Anche con un'alimentazione equilibrata, un integratore è spesso necessario, soprattutto in inverno, in caso di stress o se le verdure fresche scarseggiano. La dose giornaliera raccomandata di vitamina C per un porcellino d’India è di 20 mg per chilo.


Francodex consiglia la Vitamina C 250 ml per cavie da diluire nell'acqua o versare su un alimento. Per i periodi più impegnativi (crescita, gestazione, convalescenza).

🐹 Gli alimenti da evitare per la cavia:

Alcuni alimenti sono pericolosi per il porcellino d'India. Tra gli alimenti tossici, si possono citare l'avocado, la cipolla, l'aglio, il rabarbaro e le patate crude. Altri alimenti sono dannosi per la digestione, come il pane, i prodotti lattiero-caseari e i cereali industriali. Infine, alcuni frutti troppo ricchi, come la banana, l'uva e la frutta secca.

Erbivoro stretto, il vostro roditore non deve mai mangiare avanzi di tavola, snack (diversi da quelli destinati alle cavie) o alimenti grassi. Per far piacere al vostro animale e contribuire al suo benessere, potete offrirgli:

Qual è l’habitat della cavia (porcellino d’India)?

 

Allo stato selvatico, gli antenati della cavia vivono nelle zone erbose delle Ande, spesso in piccoli gruppi. Scavano gallerie o occupano rifugi naturali per proteggersi dai predatori. Questo stile di vita implica un'attività costante, esplorazione e interazioni sociali.


In cattività, dovete ricreare il più possibile un ambiente che rispetti i suoi bisogni fondamentali:

  • sicurezza;
  • spazio;
  • stimolazione;
  • comfort.


Al riparo dalle correnti d'aria e in un luogo tranquillo, la gabbia della vostra cavia deve offrire un minimo di 0,5 m² per individuo. Il fondo sarà coperto da una lettiera naturale assorbente, come canapa o lino.


La cavia ha bisogno di:

  • nascondigli (casette, tunnel, ponti);
  • una zona pasto separata con ciotola per il cibo e beverino per l'acqua;
  • una zona riposo tranquilla;
  • oggetti e alimenti da rosicchiare.


Ama la sua routine, la luce naturale senza esposizione diretta e una temperatura stabile intorno ai 20 °C. La gabbia dovrà essere pulita 2 o 3 volte a settimana.

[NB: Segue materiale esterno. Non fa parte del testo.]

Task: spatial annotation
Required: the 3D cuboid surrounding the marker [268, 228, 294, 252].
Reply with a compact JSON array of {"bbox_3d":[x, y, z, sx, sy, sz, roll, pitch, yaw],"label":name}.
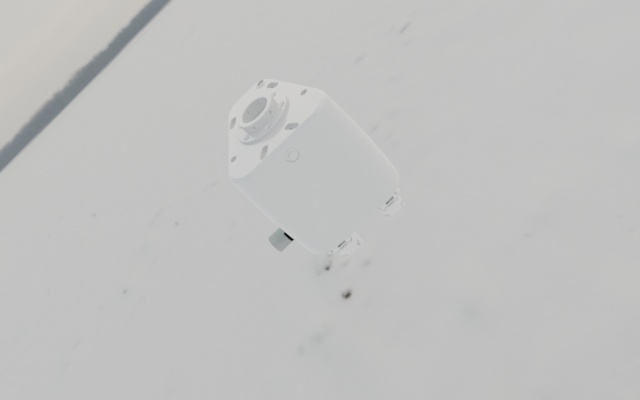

Uscite quotidiane in un recinto messo in sicurezza sono vivamente raccomandate per stimolare il suo comportamento naturale da esploratore.

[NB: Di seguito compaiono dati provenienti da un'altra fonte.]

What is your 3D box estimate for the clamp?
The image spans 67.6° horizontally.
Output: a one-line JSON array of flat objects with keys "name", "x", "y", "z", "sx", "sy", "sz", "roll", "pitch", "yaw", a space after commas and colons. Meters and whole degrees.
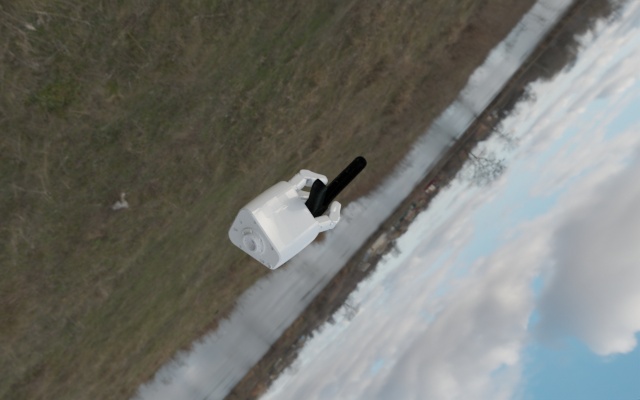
[{"name": "clamp", "x": 0.000, "y": 0.004, "z": 0.897, "sx": 0.164, "sy": 0.036, "sz": 0.210, "roll": -33, "pitch": -15, "yaw": -45}]
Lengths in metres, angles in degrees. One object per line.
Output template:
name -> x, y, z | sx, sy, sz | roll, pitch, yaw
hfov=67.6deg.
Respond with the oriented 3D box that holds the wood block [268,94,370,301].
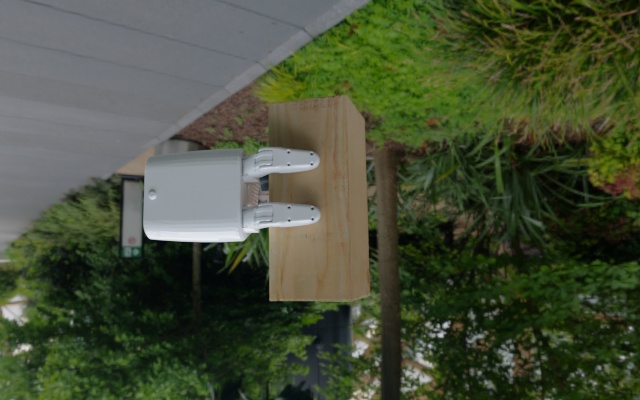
wood block -> 0.000, 0.002, 0.522 | 0.090, 0.206, 0.091 | -3, -8, 16
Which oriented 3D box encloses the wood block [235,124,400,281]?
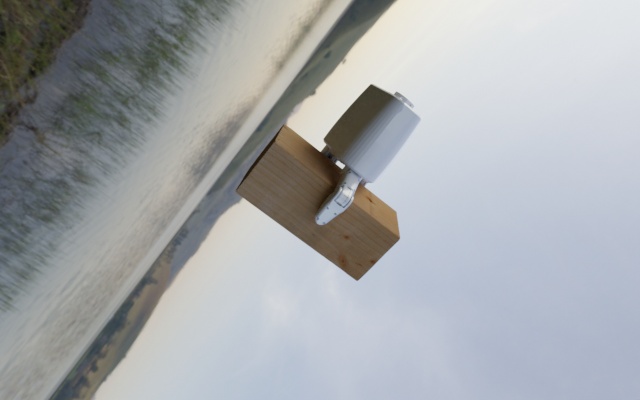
[{"bbox_3d":[0.000,0.002,0.654,0.206,0.090,0.090,37,22,-11],"label":"wood block"}]

Inoltre, essendo molto socievole, il tuo porcellino d’India ama la tua compagnia ed è necessario per il suo benessere che coabiti con altri simili. Evita tuttavia di mettere insieme due maschi, a meno che non siano castrati. Per evitare riproduzioni indesiderate, ricorda di mettere a contatto solo maschi e femmine sterilizzati.

Come accogliere al meglio un porcellino d’India in casa?

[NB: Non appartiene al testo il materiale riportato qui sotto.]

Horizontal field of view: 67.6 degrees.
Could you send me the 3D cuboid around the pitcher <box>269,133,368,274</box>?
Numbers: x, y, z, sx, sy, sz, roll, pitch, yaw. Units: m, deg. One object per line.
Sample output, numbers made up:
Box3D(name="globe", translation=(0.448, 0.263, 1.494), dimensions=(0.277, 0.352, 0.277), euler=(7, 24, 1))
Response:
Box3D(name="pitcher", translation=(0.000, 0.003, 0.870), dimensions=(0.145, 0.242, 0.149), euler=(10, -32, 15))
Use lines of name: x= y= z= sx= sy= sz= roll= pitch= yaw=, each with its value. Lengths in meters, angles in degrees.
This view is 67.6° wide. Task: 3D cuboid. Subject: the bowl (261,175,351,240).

L’arrivo in un nuovo ambiente rappresenta una fonte di stress importante per un porcellino d’India. Per favorire il suo adattamento, prepara il suo spazio prima del suo arrivo.

Lascia che il tuo nuovo compagno si ambienti al suo ritmo, in tutta calma, senza maneggiarlo nelle prime ore. Parlagli dolcemente e avvicinati senza gesti bruschi.

In un secondo momento, offrigli dei premietti direttamente dalla mano per creare un legame di fiducia. Allo stesso modo, l’alimentazione deve essere introdotta gradualmente.

Proponi verdure già note (se ne mangiava già) e del fieno di qualità sempre a disposizione. I pellet completeranno l’apporto nutrizionale nei giorni successivi.

⚠️ Per limitare lo stress, puoi nebulizzare intorno alla gabbia uno spray antistress per l’ambiente, formulato con estratti di valeriana, passiflora e biancospino.

Se hai altri porcellini d’India, presentali progressivamente dopo una quarantena sanitaria di alcuni giorni.

Come prendersi cura della salute di un porcellino d’India?

Scopri subito come pulire il tuo porcellino d’India e tagliargli le unghie.

Anche se il porcellino d’India è un animale robusto quando è ben nutrito e protetto, resta vulnerabile a certi disturbi.

Il sistema digestivo dei porcellini d’India è sensibile ai cambiamenti bruschi, alle verdure lavate male o a un'alimentazione povera di fibre.

Il porcellino d’India è anche soggetto allo sviluppo di calcoli renali (urolitiasi) e può sviluppare insufficienza renale. È importante verificare che il tuo compagno urini regolarmente.

Infine, le palle di pelo possono influire sul comfort dei soggetti a pelo lungo, specialmente durante la muta.